RFID tries for cosmetic appeal
- 14 February, 2007 12:51
TOKYO: Shoppers at a Tokyo department store are getting a helping hand with their make-up as part of a three-week-long test of RFID technology.
The Mitsukoshi store in Tokyo's Ginza district is hosting a trial of RFID tags attached to lipstick, eye shadow and blush. In one part of the trial, a kiosk provides customers with a simulation of what they would look like wearing various make-up. The 19 items available all have RFID tags attached. Shoppers just need to wave them over a sensor and the simulator detects which product has been selected.
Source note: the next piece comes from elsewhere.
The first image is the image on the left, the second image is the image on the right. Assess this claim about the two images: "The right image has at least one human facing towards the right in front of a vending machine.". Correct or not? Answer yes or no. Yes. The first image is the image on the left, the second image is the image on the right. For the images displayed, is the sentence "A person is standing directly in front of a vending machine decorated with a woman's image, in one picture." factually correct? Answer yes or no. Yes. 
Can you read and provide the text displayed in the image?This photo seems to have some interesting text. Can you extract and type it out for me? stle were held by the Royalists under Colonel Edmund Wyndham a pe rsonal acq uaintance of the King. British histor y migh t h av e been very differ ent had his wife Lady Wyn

It's up to a computer to do the rest.
The trial also seeks to keep track of which samples are most frequently selected by shoppers browsing for products. Each time one of 49 tagged items is removed from a display stand the system takes note. The information is compiled into marketing data for the store.
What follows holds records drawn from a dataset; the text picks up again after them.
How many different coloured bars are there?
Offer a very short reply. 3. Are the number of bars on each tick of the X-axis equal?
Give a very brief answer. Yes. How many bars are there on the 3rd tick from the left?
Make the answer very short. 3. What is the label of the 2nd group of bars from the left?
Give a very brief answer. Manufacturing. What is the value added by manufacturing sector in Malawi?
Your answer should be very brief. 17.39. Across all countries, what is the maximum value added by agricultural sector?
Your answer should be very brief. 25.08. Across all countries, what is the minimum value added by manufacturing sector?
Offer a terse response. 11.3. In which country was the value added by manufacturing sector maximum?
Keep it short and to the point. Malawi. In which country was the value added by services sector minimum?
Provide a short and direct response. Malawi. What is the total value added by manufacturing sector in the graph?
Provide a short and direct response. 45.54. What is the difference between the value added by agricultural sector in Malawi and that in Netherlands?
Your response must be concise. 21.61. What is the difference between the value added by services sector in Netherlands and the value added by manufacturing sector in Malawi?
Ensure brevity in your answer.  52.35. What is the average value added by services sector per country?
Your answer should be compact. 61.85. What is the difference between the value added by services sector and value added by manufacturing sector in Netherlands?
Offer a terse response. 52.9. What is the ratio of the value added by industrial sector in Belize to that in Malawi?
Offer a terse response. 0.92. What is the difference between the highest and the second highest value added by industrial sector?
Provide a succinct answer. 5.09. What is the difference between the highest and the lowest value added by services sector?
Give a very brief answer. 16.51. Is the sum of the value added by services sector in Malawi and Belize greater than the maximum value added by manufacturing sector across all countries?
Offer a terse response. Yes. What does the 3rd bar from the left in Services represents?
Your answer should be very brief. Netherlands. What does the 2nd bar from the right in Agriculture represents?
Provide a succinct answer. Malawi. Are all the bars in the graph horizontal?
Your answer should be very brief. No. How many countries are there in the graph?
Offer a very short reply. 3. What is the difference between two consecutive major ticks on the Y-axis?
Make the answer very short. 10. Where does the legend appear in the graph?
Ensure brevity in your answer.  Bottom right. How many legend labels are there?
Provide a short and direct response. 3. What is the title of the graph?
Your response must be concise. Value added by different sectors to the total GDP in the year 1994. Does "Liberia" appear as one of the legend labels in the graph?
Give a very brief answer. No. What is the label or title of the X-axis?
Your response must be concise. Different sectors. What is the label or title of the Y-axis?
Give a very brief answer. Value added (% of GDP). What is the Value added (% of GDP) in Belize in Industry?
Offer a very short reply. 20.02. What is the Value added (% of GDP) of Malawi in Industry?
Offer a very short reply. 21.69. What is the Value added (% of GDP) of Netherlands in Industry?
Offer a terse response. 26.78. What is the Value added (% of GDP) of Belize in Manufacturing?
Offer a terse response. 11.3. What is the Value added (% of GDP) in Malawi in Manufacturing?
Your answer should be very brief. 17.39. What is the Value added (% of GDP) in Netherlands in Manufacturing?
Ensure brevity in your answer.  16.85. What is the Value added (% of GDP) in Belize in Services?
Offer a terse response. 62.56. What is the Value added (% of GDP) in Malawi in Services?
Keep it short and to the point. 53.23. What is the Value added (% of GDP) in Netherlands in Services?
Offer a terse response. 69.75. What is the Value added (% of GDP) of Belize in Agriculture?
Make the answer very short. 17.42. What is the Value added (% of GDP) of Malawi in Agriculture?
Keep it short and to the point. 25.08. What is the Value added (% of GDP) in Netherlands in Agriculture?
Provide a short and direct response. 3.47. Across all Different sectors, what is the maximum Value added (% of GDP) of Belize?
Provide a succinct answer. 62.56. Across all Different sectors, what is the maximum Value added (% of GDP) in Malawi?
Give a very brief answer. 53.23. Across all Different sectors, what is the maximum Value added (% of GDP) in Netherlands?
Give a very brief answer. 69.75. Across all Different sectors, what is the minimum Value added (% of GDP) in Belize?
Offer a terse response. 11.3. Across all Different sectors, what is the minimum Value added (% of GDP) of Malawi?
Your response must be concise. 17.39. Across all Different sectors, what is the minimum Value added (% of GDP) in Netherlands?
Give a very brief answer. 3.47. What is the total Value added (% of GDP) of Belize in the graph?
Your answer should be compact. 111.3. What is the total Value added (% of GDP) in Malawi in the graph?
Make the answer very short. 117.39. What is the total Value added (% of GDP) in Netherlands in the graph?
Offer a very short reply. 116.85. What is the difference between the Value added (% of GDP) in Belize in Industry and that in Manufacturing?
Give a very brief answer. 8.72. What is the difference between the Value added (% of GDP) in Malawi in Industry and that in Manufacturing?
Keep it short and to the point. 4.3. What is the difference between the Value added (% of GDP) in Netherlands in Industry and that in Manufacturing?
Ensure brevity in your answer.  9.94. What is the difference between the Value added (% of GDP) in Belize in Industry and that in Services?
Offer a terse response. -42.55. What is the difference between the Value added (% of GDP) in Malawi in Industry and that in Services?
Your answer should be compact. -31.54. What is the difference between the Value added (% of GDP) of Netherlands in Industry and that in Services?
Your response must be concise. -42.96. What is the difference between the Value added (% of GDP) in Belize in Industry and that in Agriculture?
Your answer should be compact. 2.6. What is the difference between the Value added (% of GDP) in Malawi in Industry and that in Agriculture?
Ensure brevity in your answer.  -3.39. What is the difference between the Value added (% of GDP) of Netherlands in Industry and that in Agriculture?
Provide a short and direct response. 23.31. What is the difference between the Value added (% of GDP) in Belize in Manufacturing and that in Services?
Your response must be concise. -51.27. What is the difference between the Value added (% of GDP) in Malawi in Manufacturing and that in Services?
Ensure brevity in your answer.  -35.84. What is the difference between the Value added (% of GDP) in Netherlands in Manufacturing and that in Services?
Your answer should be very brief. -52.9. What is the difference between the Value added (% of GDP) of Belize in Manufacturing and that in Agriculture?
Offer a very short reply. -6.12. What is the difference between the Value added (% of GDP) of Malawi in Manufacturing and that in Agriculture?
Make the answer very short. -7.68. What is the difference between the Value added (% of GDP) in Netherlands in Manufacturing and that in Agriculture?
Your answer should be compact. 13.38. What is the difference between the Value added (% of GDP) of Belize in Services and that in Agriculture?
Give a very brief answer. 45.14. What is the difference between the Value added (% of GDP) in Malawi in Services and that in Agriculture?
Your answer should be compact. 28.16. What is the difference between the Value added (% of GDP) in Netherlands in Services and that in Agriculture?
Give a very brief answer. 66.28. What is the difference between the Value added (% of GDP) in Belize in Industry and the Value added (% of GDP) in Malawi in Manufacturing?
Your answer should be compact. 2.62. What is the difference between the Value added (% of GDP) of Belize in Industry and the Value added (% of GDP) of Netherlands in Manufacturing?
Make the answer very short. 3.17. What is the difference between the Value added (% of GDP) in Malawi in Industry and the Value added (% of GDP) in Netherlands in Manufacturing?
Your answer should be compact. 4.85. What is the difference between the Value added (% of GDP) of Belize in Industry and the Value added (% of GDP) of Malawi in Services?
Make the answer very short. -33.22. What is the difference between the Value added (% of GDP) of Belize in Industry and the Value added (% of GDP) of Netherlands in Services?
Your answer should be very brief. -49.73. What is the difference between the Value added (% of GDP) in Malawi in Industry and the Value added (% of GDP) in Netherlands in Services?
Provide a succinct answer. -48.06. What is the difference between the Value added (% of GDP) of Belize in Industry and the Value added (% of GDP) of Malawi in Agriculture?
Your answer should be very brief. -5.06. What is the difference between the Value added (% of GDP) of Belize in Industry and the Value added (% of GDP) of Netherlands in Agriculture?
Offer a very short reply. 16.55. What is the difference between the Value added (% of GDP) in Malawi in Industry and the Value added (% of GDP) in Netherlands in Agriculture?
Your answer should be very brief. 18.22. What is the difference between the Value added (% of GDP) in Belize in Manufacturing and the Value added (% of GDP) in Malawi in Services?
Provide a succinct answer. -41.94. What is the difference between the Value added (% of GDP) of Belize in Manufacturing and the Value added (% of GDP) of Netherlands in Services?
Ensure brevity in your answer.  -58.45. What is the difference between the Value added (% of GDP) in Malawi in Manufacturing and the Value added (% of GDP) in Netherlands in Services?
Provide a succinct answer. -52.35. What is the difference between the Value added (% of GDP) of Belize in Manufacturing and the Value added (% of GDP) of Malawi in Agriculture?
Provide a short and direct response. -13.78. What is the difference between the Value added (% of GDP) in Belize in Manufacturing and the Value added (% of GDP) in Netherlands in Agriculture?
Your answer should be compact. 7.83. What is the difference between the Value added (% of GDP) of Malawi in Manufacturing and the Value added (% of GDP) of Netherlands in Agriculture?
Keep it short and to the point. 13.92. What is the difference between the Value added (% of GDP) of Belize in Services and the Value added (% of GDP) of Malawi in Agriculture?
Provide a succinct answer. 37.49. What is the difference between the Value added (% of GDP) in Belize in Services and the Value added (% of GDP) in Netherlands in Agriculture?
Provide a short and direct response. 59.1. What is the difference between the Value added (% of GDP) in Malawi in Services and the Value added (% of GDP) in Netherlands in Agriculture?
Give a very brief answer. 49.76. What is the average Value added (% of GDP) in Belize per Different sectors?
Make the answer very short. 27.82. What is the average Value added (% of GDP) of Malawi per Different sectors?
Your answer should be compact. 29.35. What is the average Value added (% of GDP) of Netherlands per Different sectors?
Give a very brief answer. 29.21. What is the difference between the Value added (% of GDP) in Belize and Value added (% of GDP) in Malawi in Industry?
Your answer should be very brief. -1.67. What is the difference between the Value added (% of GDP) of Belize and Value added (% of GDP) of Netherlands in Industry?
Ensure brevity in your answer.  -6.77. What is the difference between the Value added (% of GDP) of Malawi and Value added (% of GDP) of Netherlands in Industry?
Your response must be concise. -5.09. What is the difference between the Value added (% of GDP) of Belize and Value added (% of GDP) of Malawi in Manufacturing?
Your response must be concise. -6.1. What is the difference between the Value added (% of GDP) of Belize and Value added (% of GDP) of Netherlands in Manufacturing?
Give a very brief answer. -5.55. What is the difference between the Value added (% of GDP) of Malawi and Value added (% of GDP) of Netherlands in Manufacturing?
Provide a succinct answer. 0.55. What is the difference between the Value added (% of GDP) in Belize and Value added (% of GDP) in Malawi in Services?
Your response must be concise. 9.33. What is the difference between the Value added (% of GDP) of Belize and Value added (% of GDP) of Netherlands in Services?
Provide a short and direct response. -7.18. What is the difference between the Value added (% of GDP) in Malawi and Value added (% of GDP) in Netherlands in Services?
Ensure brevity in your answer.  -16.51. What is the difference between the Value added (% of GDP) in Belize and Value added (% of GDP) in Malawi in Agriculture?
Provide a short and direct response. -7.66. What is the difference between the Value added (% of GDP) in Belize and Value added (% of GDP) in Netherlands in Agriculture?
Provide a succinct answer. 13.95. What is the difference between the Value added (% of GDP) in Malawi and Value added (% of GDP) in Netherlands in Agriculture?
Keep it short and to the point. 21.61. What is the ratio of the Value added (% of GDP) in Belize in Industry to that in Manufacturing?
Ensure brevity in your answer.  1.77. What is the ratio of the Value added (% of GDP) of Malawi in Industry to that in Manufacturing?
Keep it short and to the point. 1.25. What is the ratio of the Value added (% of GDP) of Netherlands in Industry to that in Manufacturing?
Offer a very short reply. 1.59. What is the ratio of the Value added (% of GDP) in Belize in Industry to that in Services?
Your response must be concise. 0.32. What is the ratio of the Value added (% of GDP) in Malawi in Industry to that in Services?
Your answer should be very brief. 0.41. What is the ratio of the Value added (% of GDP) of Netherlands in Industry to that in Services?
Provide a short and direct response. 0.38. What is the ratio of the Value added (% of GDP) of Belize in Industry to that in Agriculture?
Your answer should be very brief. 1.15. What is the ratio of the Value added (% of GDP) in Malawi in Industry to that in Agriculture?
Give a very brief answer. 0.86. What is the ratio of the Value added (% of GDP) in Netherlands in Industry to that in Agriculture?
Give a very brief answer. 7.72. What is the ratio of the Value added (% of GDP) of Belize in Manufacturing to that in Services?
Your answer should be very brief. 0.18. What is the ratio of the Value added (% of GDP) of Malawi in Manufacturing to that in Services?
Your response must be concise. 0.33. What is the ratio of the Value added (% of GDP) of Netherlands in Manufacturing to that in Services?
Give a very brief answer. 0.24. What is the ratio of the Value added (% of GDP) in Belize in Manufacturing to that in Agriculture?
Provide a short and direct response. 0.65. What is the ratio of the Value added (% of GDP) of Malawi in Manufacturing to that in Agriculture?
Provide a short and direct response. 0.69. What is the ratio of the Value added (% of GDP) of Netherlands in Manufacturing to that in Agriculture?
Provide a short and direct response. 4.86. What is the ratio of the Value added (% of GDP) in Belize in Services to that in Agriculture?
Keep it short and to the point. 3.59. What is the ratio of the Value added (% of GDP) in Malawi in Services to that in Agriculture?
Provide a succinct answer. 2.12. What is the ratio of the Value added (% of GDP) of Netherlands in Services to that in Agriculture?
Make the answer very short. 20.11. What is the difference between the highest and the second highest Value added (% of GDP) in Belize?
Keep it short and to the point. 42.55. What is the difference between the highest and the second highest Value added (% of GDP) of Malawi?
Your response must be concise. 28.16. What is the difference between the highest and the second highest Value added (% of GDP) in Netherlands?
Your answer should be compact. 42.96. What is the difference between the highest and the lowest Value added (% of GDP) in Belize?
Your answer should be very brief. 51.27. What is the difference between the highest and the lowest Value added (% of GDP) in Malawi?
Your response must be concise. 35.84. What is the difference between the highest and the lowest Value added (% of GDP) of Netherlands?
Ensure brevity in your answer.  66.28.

Alongside the display case, another RFID system displays product data on a PC screen when a product is waved over a sensor. A part of the trial provides customers with recommendations and information from other shoppers. Make-up items with RFID tags attached can be waved over a reader to call-up a list of comments on the product from other shoppers.
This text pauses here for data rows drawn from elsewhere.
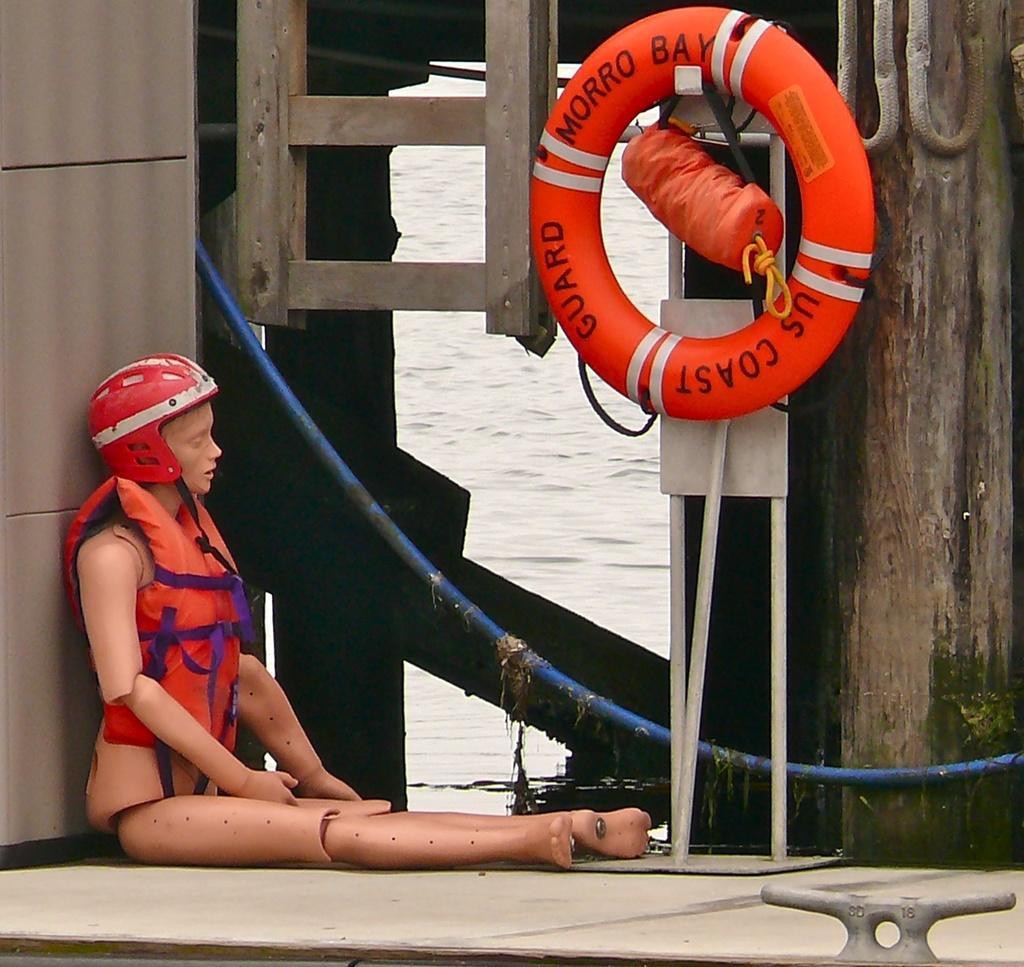Could you give a brief overview of what you see in this image? In this picture there is a statue of a woman who is wearing helmet and jacket. In the top right I can see the tube which is hanging on the wood. In the back I can see the water flow. On the left I can see the wooden partition. 
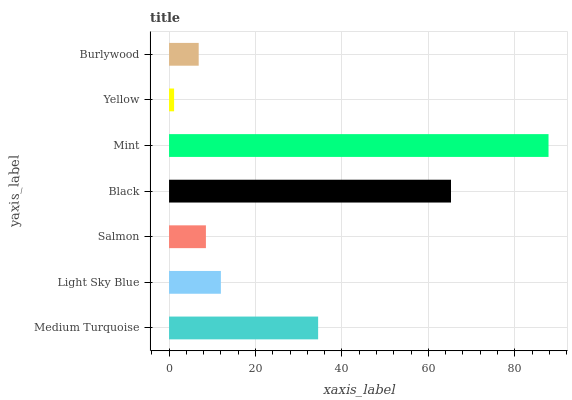Is Yellow the minimum?
Answer yes or no. Yes. Is Mint the maximum?
Answer yes or no. Yes. Is Light Sky Blue the minimum?
Answer yes or no. No. Is Light Sky Blue the maximum?
Answer yes or no. No. Is Medium Turquoise greater than Light Sky Blue?
Answer yes or no. Yes. Is Light Sky Blue less than Medium Turquoise?
Answer yes or no. Yes. Is Light Sky Blue greater than Medium Turquoise?
Answer yes or no. No. Is Medium Turquoise less than Light Sky Blue?
Answer yes or no. No. Is Light Sky Blue the high median?
Answer yes or no. Yes. Is Light Sky Blue the low median?
Answer yes or no. Yes. Is Salmon the high median?
Answer yes or no. No. Is Black the low median?
Answer yes or no. No.

Working with Mitsukoshi on the trial is Fujitsu, which developed the majority of the hardware used; Toppan Printing, which made the RFID tags; and cosmetics company, Shiseido. The trial is sponsored by Japan's Ministry of Economy, Trade and Industry and runs until February 11 at the Mitsukoshi main store in Ginza. A similar trial will run until February 12 at the Mitsukoshi store in Sakae, Nagoya.
The trial is taking place alongside a year-long project in the Ginza area that will see around 10,000 RFID tags and other sensors deployed. The sensors are all encoded with a unique ID number which terminals can cross-reference with a database to call up location-related information.
The trial terminal at the Mitsukoshi store features a 3.5-inch OLED touch-panel screen and is about the size of a PDA.